Authors: Cansu Alakus [aut, cre], Denis Larocque [aut], Aurelie Labbe [aut], Hemant Ishwaran [ctb] (Author of included randomForestSRC codes), Udaya B. Kogalur [ctb] (Author of included randomForestSRC codes)
Maintainer: Cansu Alakus <[email protected]>
License: GPL (>= 3)
Version: 1.0.6
Built: 2024-11-05 04:43:19 UTC
Source: https://github.com/calakus/rfpredinterval

Help Index


RFpredInterval: A package for building prediction intervals with random forests and boosted forests

Description

RFpredInterval provides methods to build prediction intervals with random forests. The methods provided in the package are Prediction Intervals with Boosted Forests (PIBF) proposed by Alakus et al. (2021) and 15 distinct variations to build PIs proposed by Roy and Larocque (2020). RFpredInterval includes two main functions: pibf() and rfpi(). pibf() applies the PIBF method and it uses the ranger package (Wright and Ziegler, 2017) to fit random forests. rfpi() applies the 15 variations proposed by Roy and Larocque (2020). For rfpi(), RFpredInterval uses randomForestSRC package. For the least-squares splitting rule, both randomForestSRC and ranger packages are applicable.

Details

Among 16 methods, ten of them have specialized splitting rules in the random forest growing process. These methods are the ones with L1 and shortest prediction interval (SPI) splitting rules proposed by Roy and Larocque (2020). To implement these methods, the custom split feature of the randomForestSRC package (Ishwaran and Kogalur, 2021) have been utilised.

The randomForestSRC package allows users to define a custom splitting rule for the tree growing process. The user needs to define the customized splitting rule in the splitCustom.c file. After modifying the splitCustom.c file, all C source code files under the src folder of the package must be recompiled. Finally, the package must be re-installed for the custom split rule to become available. RFpredInterval uses randomForestSRC package by freezing at the version 2.11.0.

RFpredInterval functions

pibf rfpi piall plot.rfpredinterval print.rfpredinterval

References

Alakus, C., Larocque, D., and Labbe, A. (2021). RFpredInterval: An R Package for Prediction Intervals with Random Forests and Boosted Forests. arXiv preprint arXiv:2106.08217.

Ishwaran H, Kogalur U (2021). Fast Unified Random Forests for Survival, Regression, and Classification (RF-SRC). R package version 2.11.0, https://cran.r-project.org/package=randomForestSRC.

Roy, M. H., & Larocque, D. (2020). Prediction intervals with random forests. Statistical methods in medical research, 29(1), 205-229. doi:10.1177/0962280219829885.

Wright MN, Ziegler A (2017). “ranger: A Fast Implementation of Random Forests for High Dimensional Data in C++ and R.” Journal of Statistical Software, 77(1), 1–17. doi:10.18637/jss.v077.i01.


Boston housing data set

Description

Housing data for 506 census tracts of Boston from the 1970 census. The data set contains the original data by Harrison and Rubinfeld (1979).

Usage

BostonHousing

Format

A data frame with three 506 rows observations on 14 variables. medv is the target variable. The variables are as follows:

  • crim: per capita crime rate by town

  • zn: proportion of residential land zoned for lots over 25,000 sq.ft

  • indus: proportion of non-retail business acres per town

  • chas: Charles River dummy variable (= 1 if tract bounds river; 0 otherwise)

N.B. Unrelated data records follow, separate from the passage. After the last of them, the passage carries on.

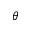<formula> <loc_0><loc_0><loc_500><loc_500>\theta</formula> 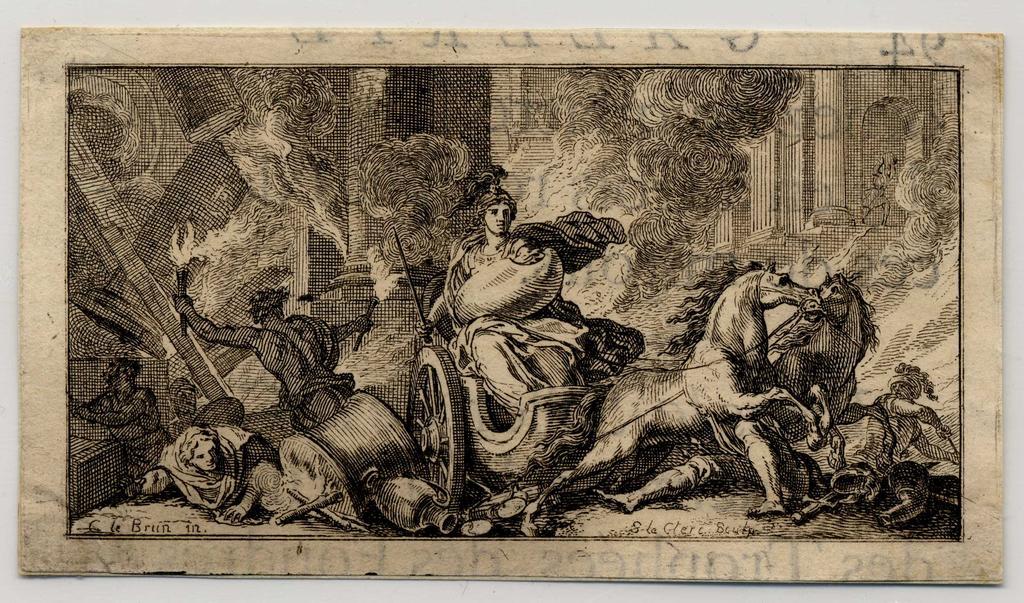Can you describe this image briefly? In this image we can see a photo frame placed on the wall. 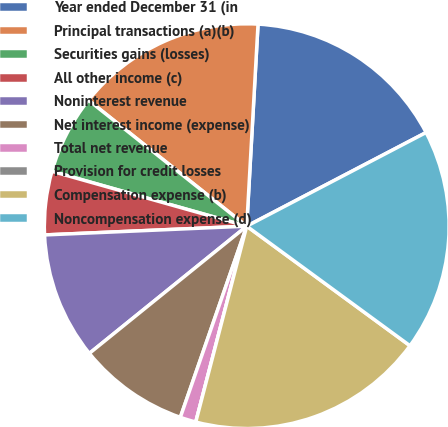Convert chart to OTSL. <chart><loc_0><loc_0><loc_500><loc_500><pie_chart><fcel>Year ended December 31 (in<fcel>Principal transactions (a)(b)<fcel>Securities gains (losses)<fcel>All other income (c)<fcel>Noninterest revenue<fcel>Net interest income (expense)<fcel>Total net revenue<fcel>Provision for credit losses<fcel>Compensation expense (b)<fcel>Noncompensation expense (d)<nl><fcel>16.45%<fcel>15.19%<fcel>6.33%<fcel>5.06%<fcel>10.13%<fcel>8.86%<fcel>1.27%<fcel>0.0%<fcel>18.99%<fcel>17.72%<nl></chart> 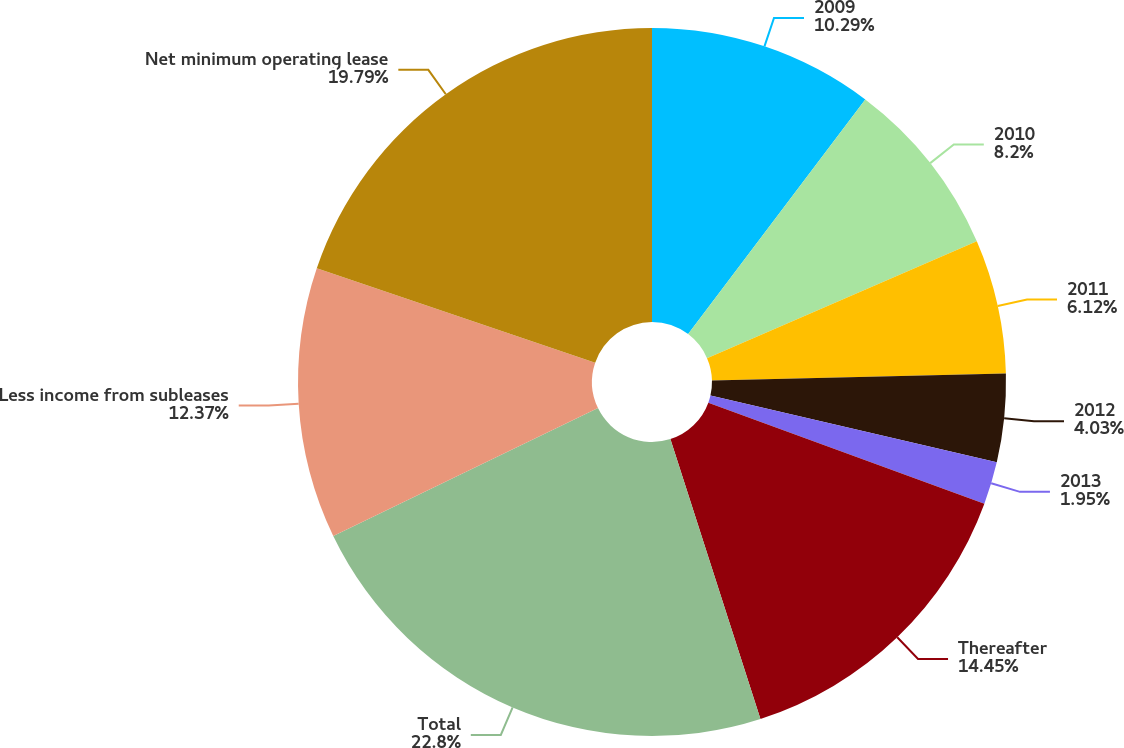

  • nox: nitric oxides concentration (parts per 10 million)

  • rm: average number of rooms per dwelling

  • age: proportion of owner-occupied units built prior to 1940

  • dis: weighted distances to five Boston employment centres

  • rad: index of accessibility to radial highways

  • tax: full-value property-tax rate per USD 10,000

  • ptratio: pupil-teacher ratio by town

  • b: 1000(B - 0.63)^2 where B is the proportion of blacks by town

  • lstat: percentage of lower status of the population

  • medv: median value of owner-occupied homes in USD 1000's

Examples

## load data
data(BostonHousing, package = "RFpredInterval")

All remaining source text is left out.